Тон и у матери, и у дочери ледяной, словно это два врага, а не ближайшие родственницы. Баронесса Лецен была в ужасе, такого противостояния она не ожидала.
– Я хотела бы сначала выразить королю и королеве благодарность за его доброту ко мне…
– Мы уже говорили об этом! Если вы не понимаете с первого раза, то вы глупы! Подписывайте! – листок полетел на столик, возле которого сидела в кресле Виктория. Видя, что дочь не шелохнулась, мать потребовала уже жестче: – Подписывайте, иначе я решу, что вы бунтуете и не уважаете свою мать! Едва ли это понравится вашим подданным.
Девушка взялась за перо, а герцогиня продолжала давление:
– Вы еще слишком молоды и неопытны, чтобы действовать самостоятельно. То, что вас назвали наследницей престола, вовсе не означает, что вы к такой роли готовы.
Хотелось крикнуть: так готовьте, как дядя Леопольд, готовьте вместо бесконечных попреков! Но только вскинув глаза на мать, принцесса поняла, что если произнесет хоть слово, то уже простым скандалом дело не ограничится. Она не представляла, что еще может сделать герцогиня, но понимала, что это будет ужасно.
Подпись вышла корявой, а слезинка все же капнула на самый край листа. Герцогиня, буквально выхватившая письмо из рук дочери (словно боялась, что та передумает), не заметила это свидетельство семейного раздора.
Зато заметил король.
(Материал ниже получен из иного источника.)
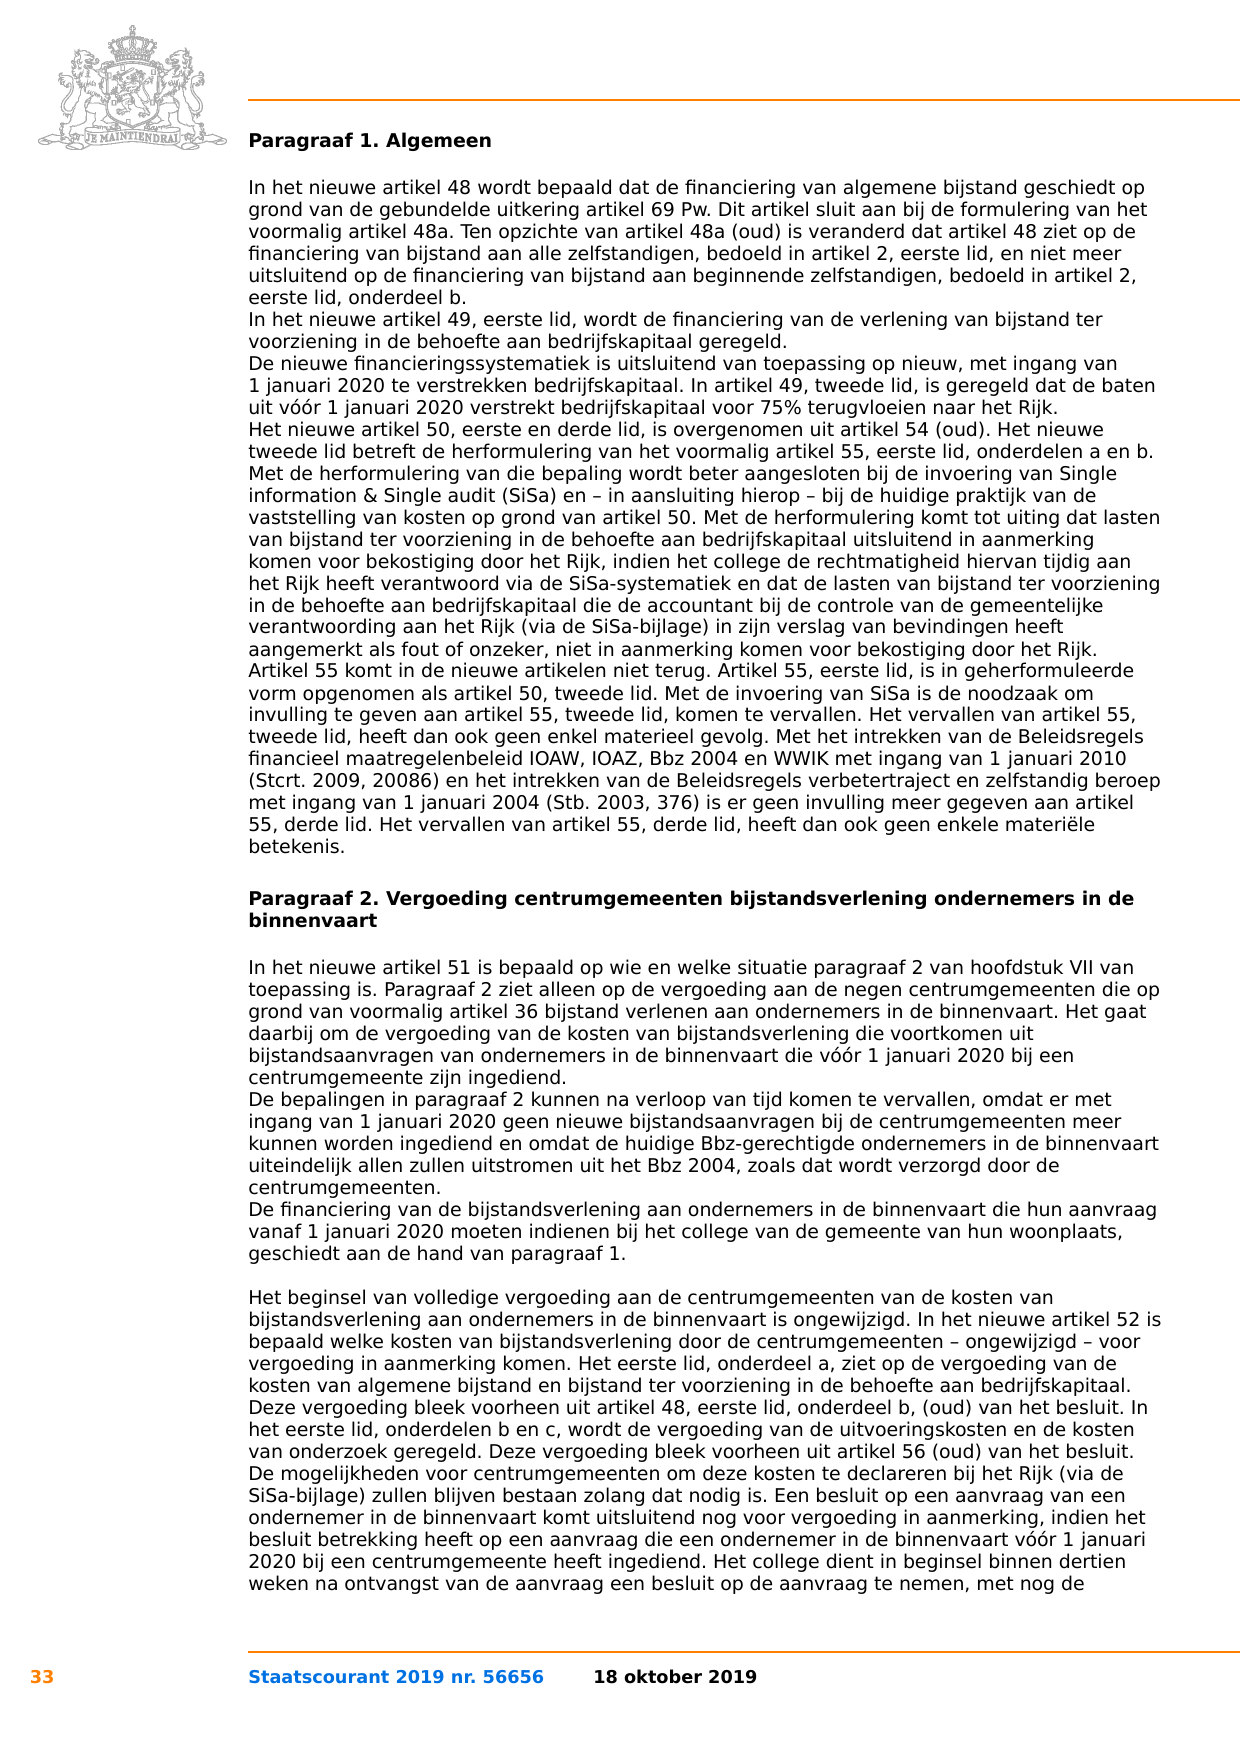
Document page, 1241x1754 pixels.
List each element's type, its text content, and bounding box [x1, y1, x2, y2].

text De bepalingen in paragraaf 2 kunnen na verloop van tijd komen te vervallen, omdat er met ingang van 1 januari 2020 geen nieuwe bijstandsaanvragen bij de centrumgemeenten meer kunnen worden ingediend en omdat de huidige Bbz-gerechtigde ondernemers in de binnenvaart uiteindelijk allen zullen uitstromen uit het Bbz 2004, zoals dat wordt verzorgd door de centrumgemeenten. [248, 1089, 1163, 1199]
text Artikel 55 komt in de nieuwe artikelen niet terug. Artikel 55, eerste lid, is in geherformuleerde vorm opgenomen als artikel 50, tweede lid. Met de invoering van SiSa is de noodzaak om invulling te geven aan artikel 55, tweede lid, komen te vervallen. Het vervallen van artikel 55, tweede lid, heeft dan ook geen enkel materieel gevolg. Met het intrekken van de Beleidsregels financieel maatregelenbeleid IOAW, IOAZ, Bbz 2004 en WWIK met ingang van 1 januari 2010 (Stcrt. 2009, 20086) en het intrekken van de Beleidsregels verbetertraject en zelfstandig beroep met ingang van 1 januari 2004 (Stb. 2003, 376) is er geen invulling meer gegeven aan artikel 55, derde lid. Het vervallen van artikel 55, derde lid, heeft dan ook geen enkele materiële betekenis. [248, 660, 1163, 858]
text De financiering van de bijstandsverlening aan ondernemers in de binnenvaart die hun aanvraag vanaf 1 januari 2020 moeten indienen bij het college van de gemeente van hun woonplaats, geschiedt aan de hand van paragraaf 1. [248, 1199, 1163, 1265]
text In het nieuwe artikel 48 wordt bepaald dat de financiering van algemene bijstand geschiedt op grond van de gebundelde uitkering artikel 69 Pw. Dit artikel sluit aan bij de formulering van het voormalig artikel 48a. Ten opzichte van artikel 48a (oud) is veranderd dat artikel 48 ziet op de financiering van bijstand aan alle zelfstandigen, bedoeld in artikel 2, eerste lid, en niet meer uitsluitend op de financiering van bijstand aan beginnende zelfstandigen, bedoeld in artikel 2, eerste lid, onderdeel b. [248, 177, 1163, 309]
text De mogelijkheden voor centrumgemeenten om deze kosten te declareren bij het Rijk (via de SiSa-bijlage) zullen blijven bestaan zolang dat nodig is. Een besluit op een aanvraag van een ondernemer in de binnenvaart komt uitsluitend nog voor vergoeding in aanmerking, indien het besluit betrekking heeft op een aanvraag die een ondernemer in de binnenvaart vóór 1 januari 2020 bij een centrumgemeente heeft ingediend. Het college dient in beginsel binnen dertien weken na ontvangst van de aanvraag een besluit op de aanvraag te nemen, met nog de [248, 1463, 1163, 1594]
text Het beginsel van volledige vergoeding aan de centrumgemeenten van de kosten van bijstandsverlening aan ondernemers in de binnenvaart is ongewijzigd. In het nieuwe artikel 52 is bepaald welke kosten van bijstandsverlening door de centrumgemeenten – ongewijzigd – voor vergoeding in aanmerking komen. Het eerste lid, onderdeel a, ziet op de vergoeding van de kosten van algemene bijstand en bijstand ter voorziening in de behoefte aan bedrijfskapitaal. Deze vergoeding bleek voorheen uit artikel 48, eerste lid, onderdeel b, (oud) van het besluit. In het eerste lid, onderdelen b en c, wordt de vergoeding van de uitvoeringskosten en de kosten van onderzoek geregeld. Deze vergoeding bleek voorheen uit artikel 56 (oud) van het besluit. [248, 1287, 1163, 1463]
text Het nieuwe artikel 50, eerste en derde lid, is overgenomen uit artikel 54 (oud). Het nieuwe tweede lid betreft de herformulering van het voormalig artikel 55, eerste lid, onderdelen a en b. Met de herformulering van die bepaling wordt beter aangesloten bij de invoering van Single information & Single audit (SiSa) en – in aansluiting hierop – bij de huidige praktijk van de vaststelling van kosten op grond van artikel 50. Met de herformulering komt tot uiting dat lasten van bijstand ter voorziening in de behoefte aan bedrijfskapitaal uitsluitend in aanmerking komen voor bekostiging door het Rijk, indien het college de rechtmatigheid hiervan tijdig aan het Rijk heeft verantwoord via de SiSa-systematiek en dat de lasten van bijstand ter voorziening in de behoefte aan bedrijfskapitaal die de accountant bij de controle van de gemeentelijke verantwoording aan het Rijk (via de SiSa-bijlage) in zijn verslag van bevindingen heeft aangemerkt als fout of onzeker, niet in aanmerking komen voor bekostiging door het Rijk. [248, 419, 1163, 660]
subtitle Paragraaf 1. Algemeen [248, 130, 1163, 152]
text In het nieuwe artikel 49, eerste lid, wordt de financiering van de verlening van bijstand ter voorziening in de behoefte aan bedrijfskapitaal geregeld. [248, 309, 1163, 353]
text In het nieuwe artikel 51 is bepaald op wie en welke situatie paragraaf 2 van hoofdstuk VII van toepassing is. Paragraaf 2 ziet alleen op de vergoeding aan de negen centrumgemeenten die op grond van voormalig artikel 36 bijstand verlenen aan ondernemers in de binnenvaart. Het gaat daarbij om de vergoeding van de kosten van bijstandsverlening die voortkomen uit bijstandsaanvragen van ondernemers in de binnenvaart die vóór 1 januari 2020 bij een centrumgemeente zijn ingediend. [248, 957, 1163, 1089]
text De nieuwe financieringssystematiek is uitsluitend van toepassing op nieuw, met ingang van 1 januari 2020 te verstrekken bedrijfskapitaal. In artikel 49, tweede lid, is geregeld dat de baten uit vóór 1 januari 2020 verstrekt bedrijfskapitaal voor 75% terugvloeien naar het Rijk. [248, 353, 1163, 419]
subtitle Paragraaf 2. Vergoeding centrumgemeenten bijstandsverlening ondernemers in de binnenvaart [248, 888, 1163, 932]
picture [38, 25, 227, 150]

Он читал послание их Кенсингтонского дворца с сокрушенным видом, потом отложил его со вздохом:
– Принцесса Виктория не могла написать этого.
– Почему ты так думаешь?
– Посмотри, Аделаида, видишь, это явно высохшие слезы. Бедная девочка плакала, когда ее заставляли ставить свою подпись…
– Как тяжело иметь такую мать… И ведь она считает, что честно выполняет по отношению к дочери свою миссию.
– Но принцесса и впрямь прекрасно воспитана и неплохо образована.
Королева снова вздохнула:
– И все же мне жаль маленькую Викторию. Они с Конроем согнули бедную девочку, как стебелек.
Король Вильгельм вдруг усмехнулся:
– Как стебелек, говоришь? Может, это и хорошо? Стебелек гнется, но не ломается, зато если потом распрямится, то может так хлестнуть тех, кто его гнул!
Знать бы королю, насколько окажется прав.
– Может, ей денег мало?
– Кому, Виктории?
– Нет, герцогине. Может, матери не по себе, что вынуждена будет жить на средства дочери? Наверное, стоило поделить эти десять тысяч между ними…
– И даже не поровну! Ты прав, выдели большую часть матери, тогда она позволит дочери распоряжаться своими самостоятельно. А помочь помимо этих средств самой принцессе мы всегда сможем.